Yesterday, Bloomberg unveiled the results of a study that found that less than 10% of all recent transactions in stablecoins, such as USDT and USDC, are linked to real-world use.
Individuals therefore still use stablecoins very little for making payments when they purchase something, while their main use is elsewhere.
Transactions and usage of USDT and USDC stablecoins
The research, conducted by Visa and the data platform Allium Labs, highlighted that less than 10% of stablecoin transaction volumes are organic or come from real people. In fact, it revealed that the majority of stablecoin transactions involve operations on crypto exchanges, partly carried out by people and partly carried out by bots.
Note that the research only analyzed on-chain transactions, because they are public and verifiable by anyone, and not the internal exchanges within centralized exchanges.
Overall, it has examined transactions in the month of April for a total volume of about 2.2 trillion dollars, and of these only 149 billion were related to “organic payment activities.”
Instead, the rest would be transactions related only to crypto markets, that is, exchanges for the buying and selling of cryptocurrencies or other financial assets. Among these, a good part would have been carried out by automatic bots.
It should be remembered that bots not only dominate the crypto markets, but also the traditional financial markets, and that many smart contracts operating in the decentralized finance sector carry out automatic transactions like bots.
Nevertheless, the research has also highlighted a steady growth in the monthly active users of stablecoins, totaling 27.5 million monthly active users across all chains.
The role of USDT and USDC
Currently, the total market supply of stablecoins is around 150 billion dollars, with USDT (Tether) and USDC (USD Coin) dominating this market.
USDT now has a market share of 75%, making it by far the most widely used stablecoin in the world. USDC follows with 22%, while all other stablecoins combined do not exceed 3% of market share.
In the crypto markets, stablecoins are more widely used than fiat currencies, even though they replicate their value. Both USDT and USDC, in fact, have a value linked to the US dollar, as they should always maintain parity and convertibility into USD.
The main reason why stablecoins are more widely used than fiat currencies that replicate is that in the crypto markets it is much easier to move stablecoins than fiat currencies.
Stablecoins that move to decentralized blockchains, such as Ethereum, have no limits or obstacles. Furthermore, nowadays on-chain transactions are very fast, and on some blockchains they are practically immediate.
With fiat currencies, on one hand there is the risk that transactions are not immediate, especially if carried out through bank transfer, and on the other hand they may encounter many obstacles.

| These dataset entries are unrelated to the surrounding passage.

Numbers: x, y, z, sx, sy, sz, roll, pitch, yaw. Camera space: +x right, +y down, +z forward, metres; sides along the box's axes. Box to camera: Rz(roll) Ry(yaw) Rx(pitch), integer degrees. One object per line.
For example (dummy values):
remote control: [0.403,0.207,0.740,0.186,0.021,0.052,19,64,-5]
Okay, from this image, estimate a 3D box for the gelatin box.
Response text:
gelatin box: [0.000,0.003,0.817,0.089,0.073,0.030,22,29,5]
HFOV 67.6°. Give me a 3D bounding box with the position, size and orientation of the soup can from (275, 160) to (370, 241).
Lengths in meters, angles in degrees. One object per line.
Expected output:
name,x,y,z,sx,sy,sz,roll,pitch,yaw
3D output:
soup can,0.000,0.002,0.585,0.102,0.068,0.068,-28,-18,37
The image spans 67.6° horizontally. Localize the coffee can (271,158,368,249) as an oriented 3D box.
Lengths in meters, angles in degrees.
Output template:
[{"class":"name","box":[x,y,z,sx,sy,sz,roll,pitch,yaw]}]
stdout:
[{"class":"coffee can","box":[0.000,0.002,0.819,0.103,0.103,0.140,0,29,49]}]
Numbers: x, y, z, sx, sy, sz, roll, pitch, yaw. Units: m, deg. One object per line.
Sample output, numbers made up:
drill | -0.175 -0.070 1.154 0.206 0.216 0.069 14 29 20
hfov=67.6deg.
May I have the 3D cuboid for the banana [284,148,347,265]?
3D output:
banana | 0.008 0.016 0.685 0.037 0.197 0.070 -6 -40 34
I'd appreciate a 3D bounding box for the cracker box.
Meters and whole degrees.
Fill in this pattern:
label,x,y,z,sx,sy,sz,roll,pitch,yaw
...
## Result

First of all, it is not allowed to transfer fiat currency directly from one exchange to another, which practically makes it impossible to use, for example, for arbitrage. Stablecoins, on the other hand, are specifically designed to facilitate arbitrage.
Furthermore, many financial intermediaries, essential for moving fiat currency to and from crypto markets, may resist or pose obstacles to those who want to deposit or withdraw fiat currency from crypto markets.
Finally, it should be remembered that on decentralized exchanges fiat currencies simply cannot be used, making it necessary to use stablecoins.
The bots
In financial markets, both crypto and traditional, timing has become increasingly important in recent decades, as well as prices.
In particular, many large operators who trade on the markets do so with extremely fast and huge quantity transactions, making it absolutely impossible to carry them out manually.
So they have been developed by bots, which now dominate the financial markets, operating with huge amounts of transactions executed in a very short time, often less than a second.
This trend is also spreading to the crypto markets, especially when it comes to arbitrage, since each crypto exchange is isolated from the others and operates as its own environment.
Therefore, bots are actually essential to prevent the prices of various cryptocurrencies from differing too much from one exchange to another.
Moreover, they are the preferred trading tool of large operators, who have probably already entered the crypto markets.
After all, cryptocurrencies are not widely used in the real world, and are often used much more for pure and simple trading.
In light of all this, it is not surprising at all that the vast majority of stablecoin transactions are not related to real-life or online payments.